Daar sta je dan met je diploma op zak en vol goede moed; voor het eerst zelfstandig voor de klas. Maar een afgeronde opleiding en een dosis enthousiasme zijn helaas geen garantie voor een fijne start. Wat kan je helpen in die eerste paar weken?
Natuurlijk wil je een leuke juf of meester zijn. Daar doe je je best voor. Maar je kunt beter je best doen om consequent te zijn. Als je rechtvaardig en duidelijk bent, gaan leerlingen je vanzelf aardig vinden. Treed op, wees duidelijk. En wil vooral niet te lief zijn.
Als beginnende leraar weet je je soms in de eerste minuten van de les al geen raad. Hoe begin je? Hoe krijg je de leerlingen stil? Hoe wanhopig je ook bent, schreeuw niet! Een betere aanpak is om heel persoonlijk contact te maken. Ga de tafels langs, zeg iets persoonlijks. Laat voelen dat je er bent. En als je dan toch in je wanhoop aan het schreeuwen bent geslagen, pak dan meteen door. Anders ben je de aandacht meteen weer kwijt.

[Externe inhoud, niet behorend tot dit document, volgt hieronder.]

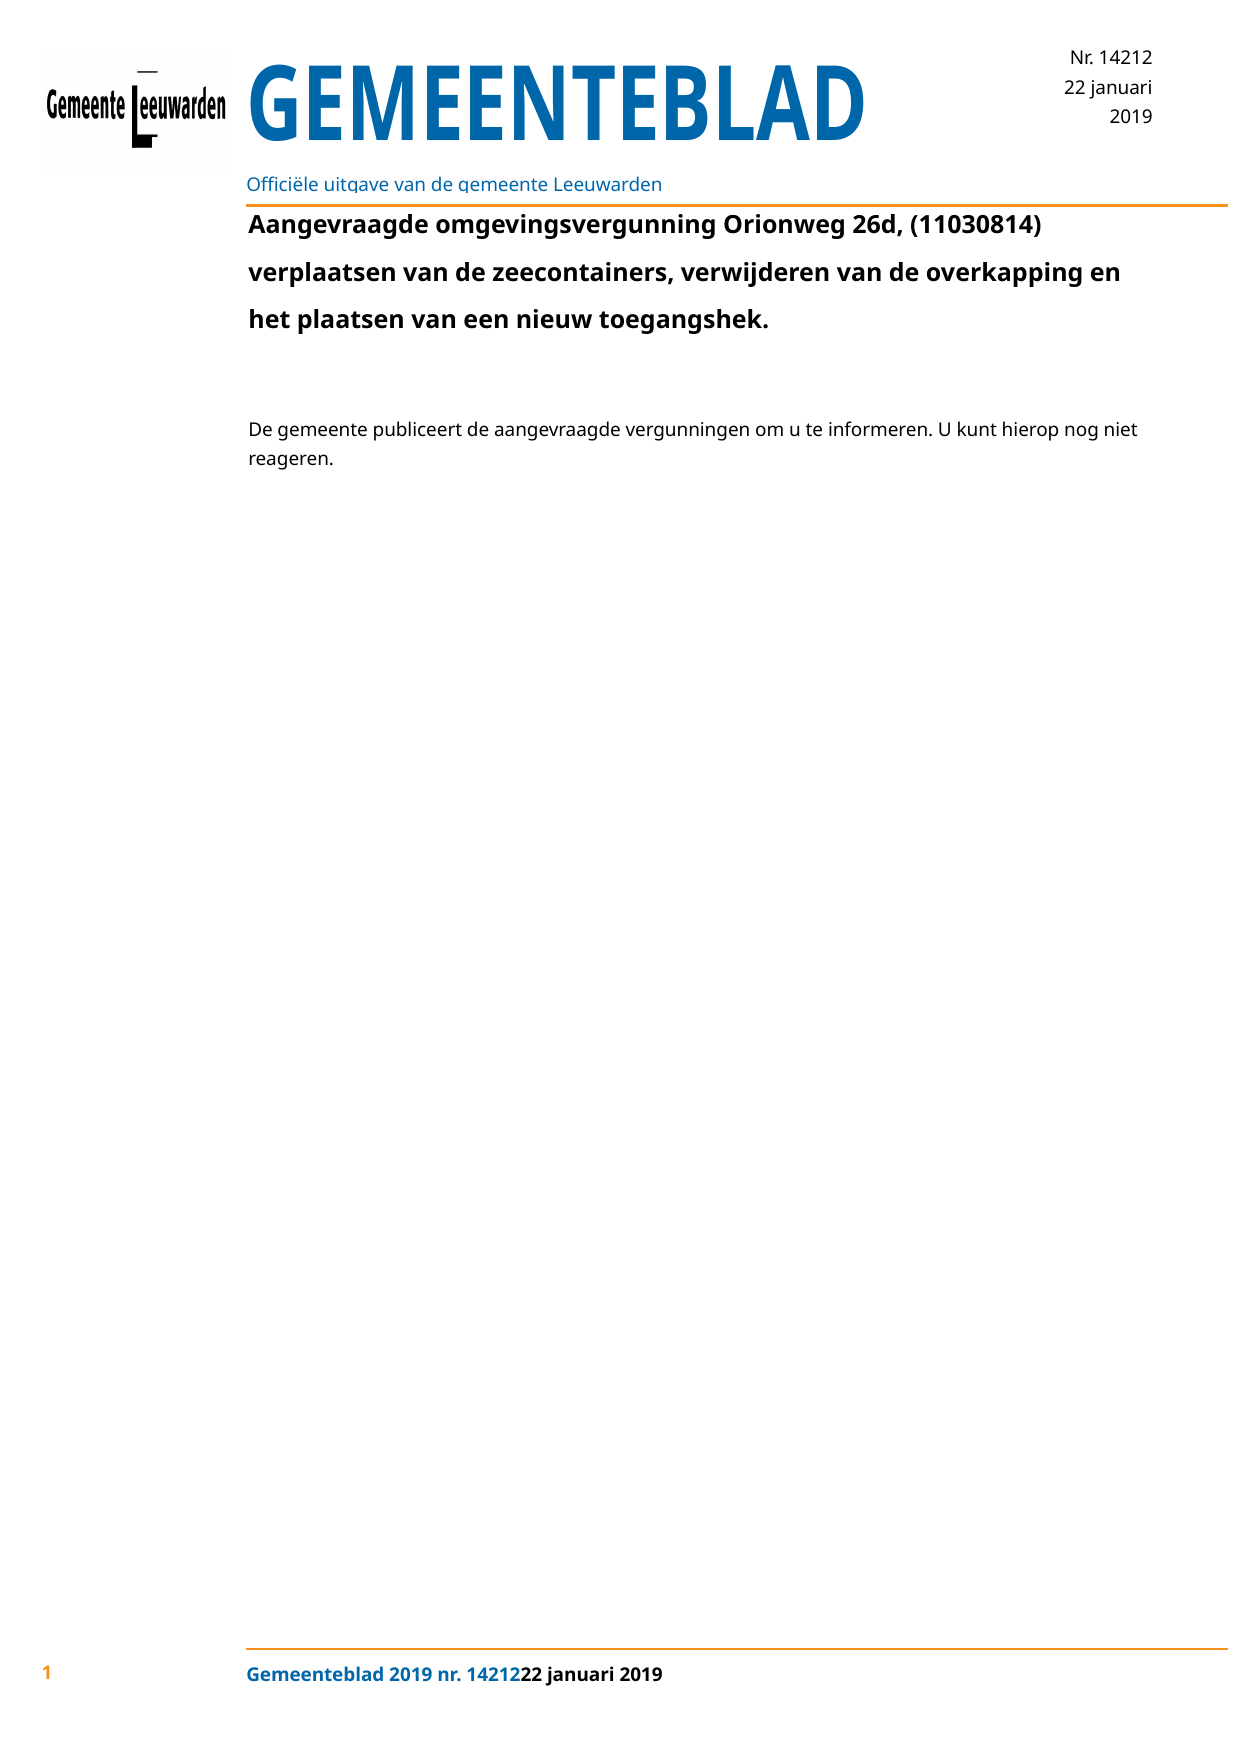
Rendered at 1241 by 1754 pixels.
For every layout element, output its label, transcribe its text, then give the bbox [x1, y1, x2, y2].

text Aangevraagde omgevingsvergunning Orionweg 26d, (11030814) verplaatsen van de zeecontainers, verwijderen van de overkapping en het plaatsen van een nieuw toegangshek. [248, 207, 1152, 336]
text De gemeente publiceert de aangevraagde vergunningen om u te informeren. U kunt hierop nog niet reageren. [248, 416, 1152, 471]
picture [41, 47, 231, 172]
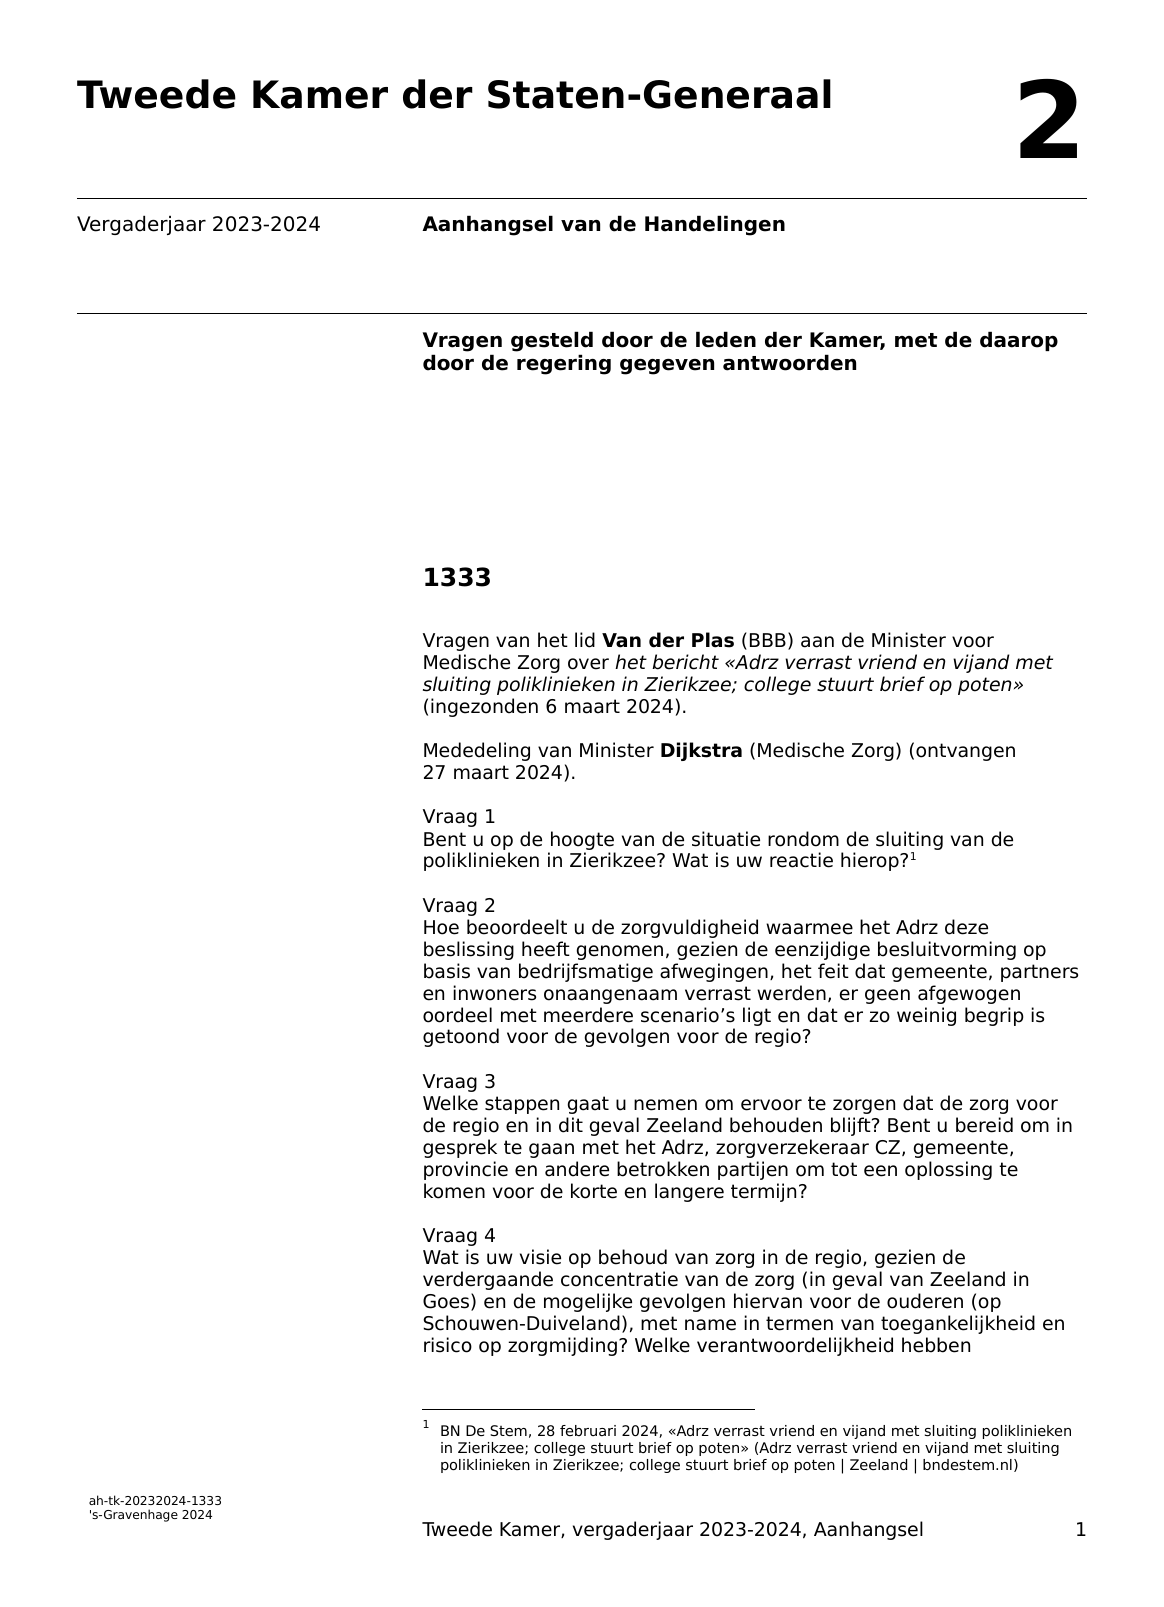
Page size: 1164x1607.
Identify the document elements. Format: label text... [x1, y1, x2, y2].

text 's-Gravenhage 2024 [88, 1508, 323, 1522]
text Vragen van het lid Van der Plas (BBB) aan de Minister voor Medische Zorg over het bericht «Adrz verrast vriend en vijand met sluiting poliklinieken in Zierikzee; college stuurt brief op poten» (ingezonden 6 maart 2024). [422, 630, 1087, 718]
table_cell Aanhangsel van de Handelingen [422, 199, 1087, 313]
text BN De Stem, 28 februari 2024, «Adrz verrast vriend en vijand met sluiting poliklinieken in Zierikzee; college stuurt brief op poten» (Adrz verrast vriend en vijand met sluiting poliklinieken in Zierikzee; college stuurt brief op poten | Zeeland | bndestem.nl) [422, 1418, 1087, 1474]
text Bent u op de hoogte van de situatie rondom de sluiting van de poliklinieken in Zierikzee? Wat is uw reactie hierop? [422, 828, 1087, 872]
table_header 2 [886, 59, 1087, 198]
table_cell Vergaderjaar 2023-2024 [77, 199, 422, 313]
text Hoe beoordeelt u de zorgvuldigheid waarmee het Adrz deze beslissing heeft genomen, gezien de eenzijdige besluitvorming op basis van bedrijfsmatige afwegingen, het feit dat gemeente, partners en inwoners onaangenaam verrast werden, er geen afgewogen oordeel met meerdere scenario’s ligt en dat er zo weinig begrip is getoond voor de gevolgen voor de regio? [422, 917, 1087, 1048]
table_cell [77, 314, 422, 375]
text Wat is uw visie op behoud van zorg in de regio, gezien de verdergaande concentratie van de zorg (in geval van Zeeland in Goes) en de mogelijke gevolgen hiervan voor de ouderen (op Schouwen-Duiveland), met name in termen van toegankelijkheid en risico op zorgmijding? Welke verantwoordelijkheid hebben [422, 1247, 1087, 1357]
text Vraag 1 [422, 806, 1087, 828]
text ah-tk-20232024-1333 [88, 1494, 323, 1508]
table_cell Vragen gesteld door de leden der Kamer, met de daarop door de regering gegeven antwoorden [422, 314, 1087, 375]
text Vraag 2 [422, 894, 1087, 917]
table_header Tweede Kamer der Staten-Generaal [77, 59, 886, 198]
text Vraag 3 [422, 1071, 1087, 1093]
text Mededeling van Minister Dijkstra (Medische Zorg) (ontvangen 27 maart 2024). [422, 740, 1087, 784]
text Vraag 4 [422, 1225, 1087, 1247]
text Welke stappen gaat u nemen om ervoor te zorgen dat de zorg voor de regio en in dit geval Zeeland behouden blijft? Bent u bereid om in gesprek te gaan met het Adrz, zorgverzekeraar CZ, gemeente, provincie en andere betrokken partijen om tot een oplossing te komen voor de korte en langere termijn? [422, 1093, 1087, 1202]
text 1333 [422, 563, 1087, 592]
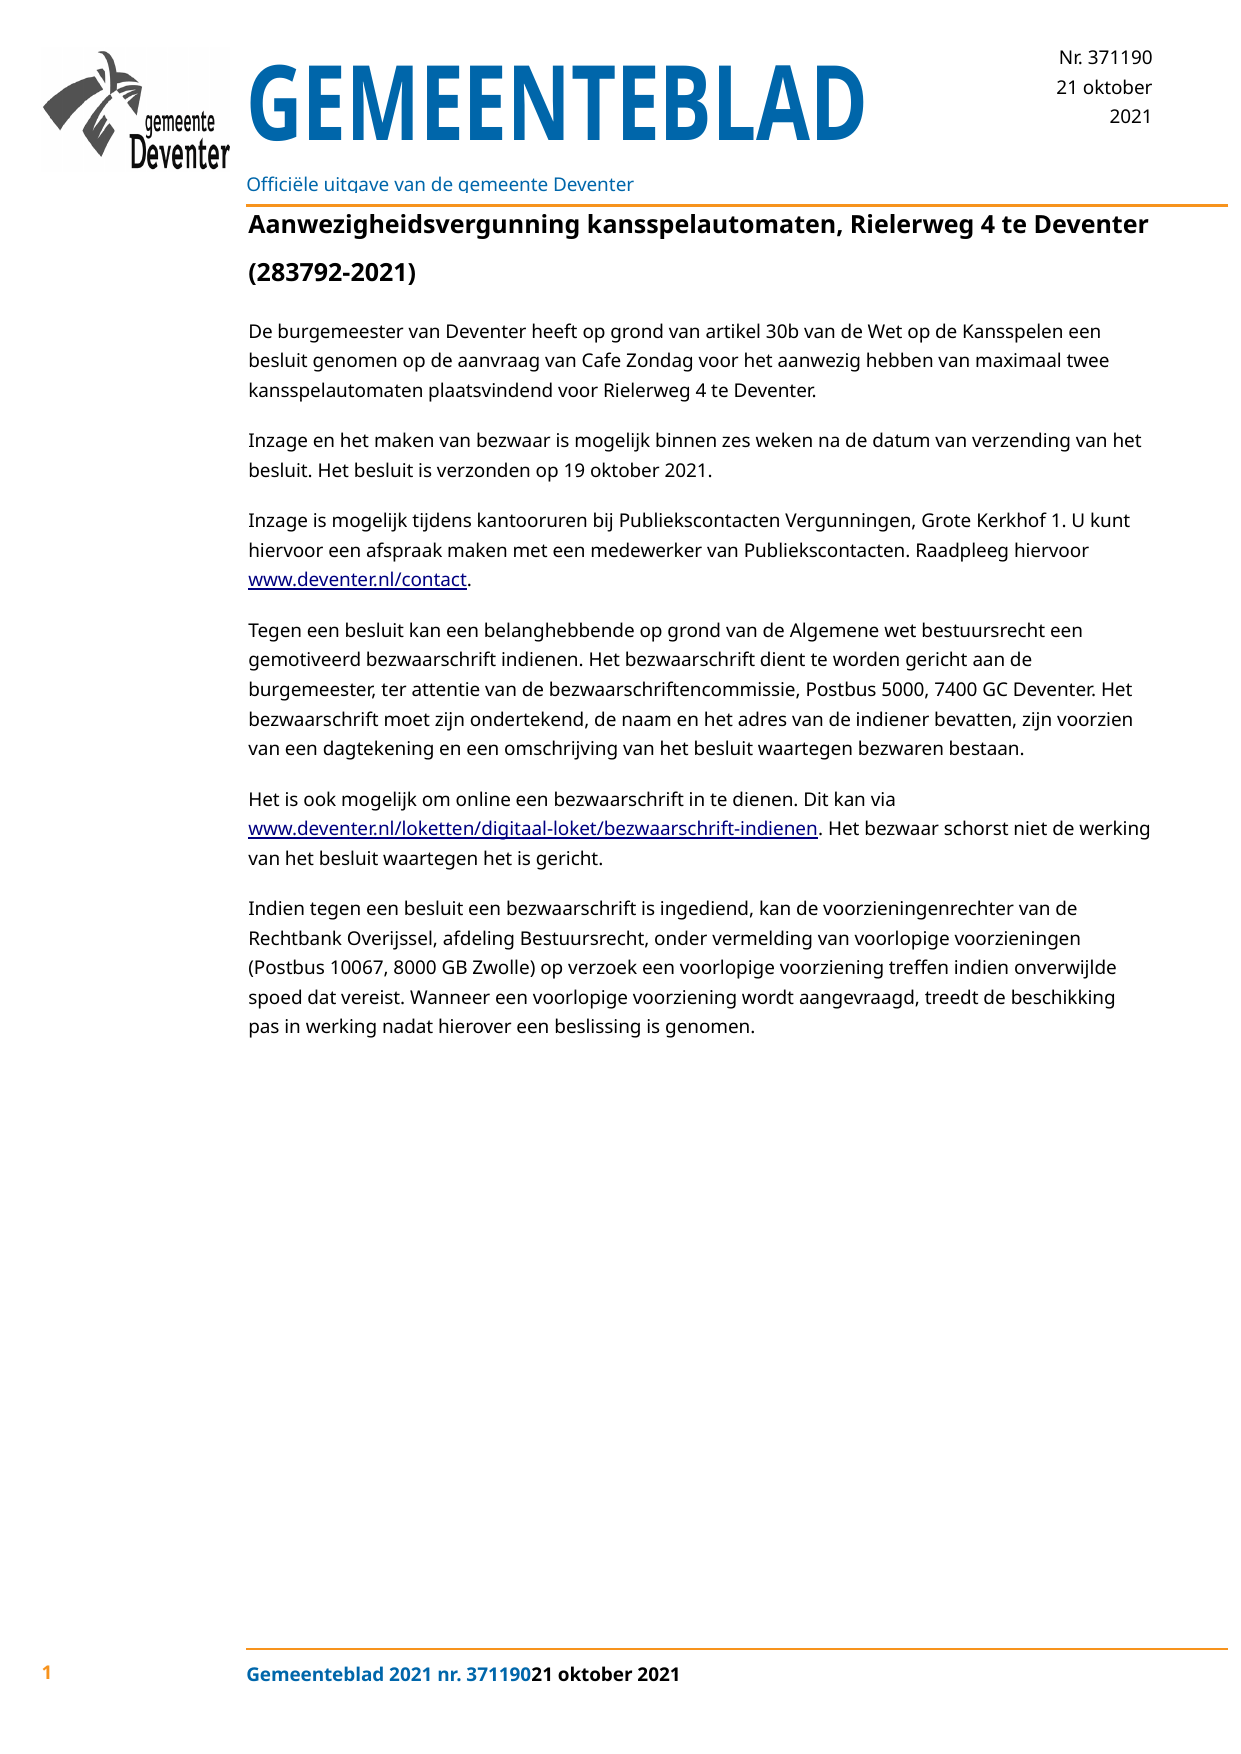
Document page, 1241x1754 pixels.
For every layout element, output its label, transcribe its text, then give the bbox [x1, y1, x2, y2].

Je hebt in een klas altijd drie groepen leerlingen: de goeien, de grote middengroep en de groep die niet te inspireren is. Als het even tegenzit, word je als docent als het ware naar die laatste groep toe gesleurd. Een klassieke beginnersfout is dan ook om vooral de klieren in de klas aandacht te geven. Bedenk dat negatieve aandacht ook aandacht is. Dus eigenlijk beloon je de klieren dan. Doe dit dus niet; alle leerlingen willen aandacht. En verdienen aandacht.
Het is beter om afspraken samen met de klas te maken dan aan het begin eenzijdig een hele zwik regels vast te stellen. Zorg voor draagvlak. Nog belangrijker is dat regels en afspraken na te leven zijn. Als leerlingen merken dat jij niet optreedt als een afspraak wordt overtreden, dan verlies je je geloofwaardigheid.
Bij geklier is de verleiding groot om je toevlucht te nemen tot straf. Dat kan, maar bouw dit wel op. Je kunt niet heel lang niets doen en dan opeens iemand eruit sturen. Beter is het om een heel scala aan maatregelen te benutten.
Je kunt met een klas in zo’n spiraal komen waarin alleen nog maar geklier en negatieve opmerkingen worden uitgewisseld. Laat je daar niet in meesleuren. Kom uit die spiraal en deel eens een compliment uit. Beloon gewenst gedrag.
Je moet van je lesplanning of schema af kunnen wijken zonder dat je jezelf oplegt er later weer op in te lopen. Daar word je alleen maar onzeker van. Een te strakke lesplanning blokkeert je creativiteit en vrijheid om goed te reageren op wat er in de klas gebeurt. Laat het dus een beetje op je afkomen. Wees flexibel.
Misschien ben je allang blij als je in de buurt aan de slag kunt op een school. Maar onderschat niet hoe belangrijk het is dat je je thuis voelt op een school. Kijk je prettig terug op het sollicitatiegesprek? Staat de inrichting van de school je aan? Hoe was de sfeer? En past de identiteit van de school bij je? Kies een school die bij je past!
Veel beginners hebben de neiging te veel uren te nemen en hebben het gewoon erg druk. Wat er dan bij inschiet, is het analyseren, het terugkijken op je eigen functioneren. Maar dat moet echt, liefst samen met anderen. En blijf niet hangen in ‘het ging wel’. Zoek iemand die je kan helpen in te zoomen op gebeurtenissen die iets zeggen over hoe je het doet in de klas.
Als tips altijd zouden werken, zou niemand meer overspannen raken of een burn-out krijgen. Was het maar zo simpel. Een goede docent word je toch vooral door het opdoen van ervaring, door het leren aanvoelen van situaties, door je eigen sterke kanten te leren kennen. Tips zijn handig, maar niet als waarheden. Praat er liever over. Want in gesprek met een ander kom je erachter wat deze tips voor jou betekenen.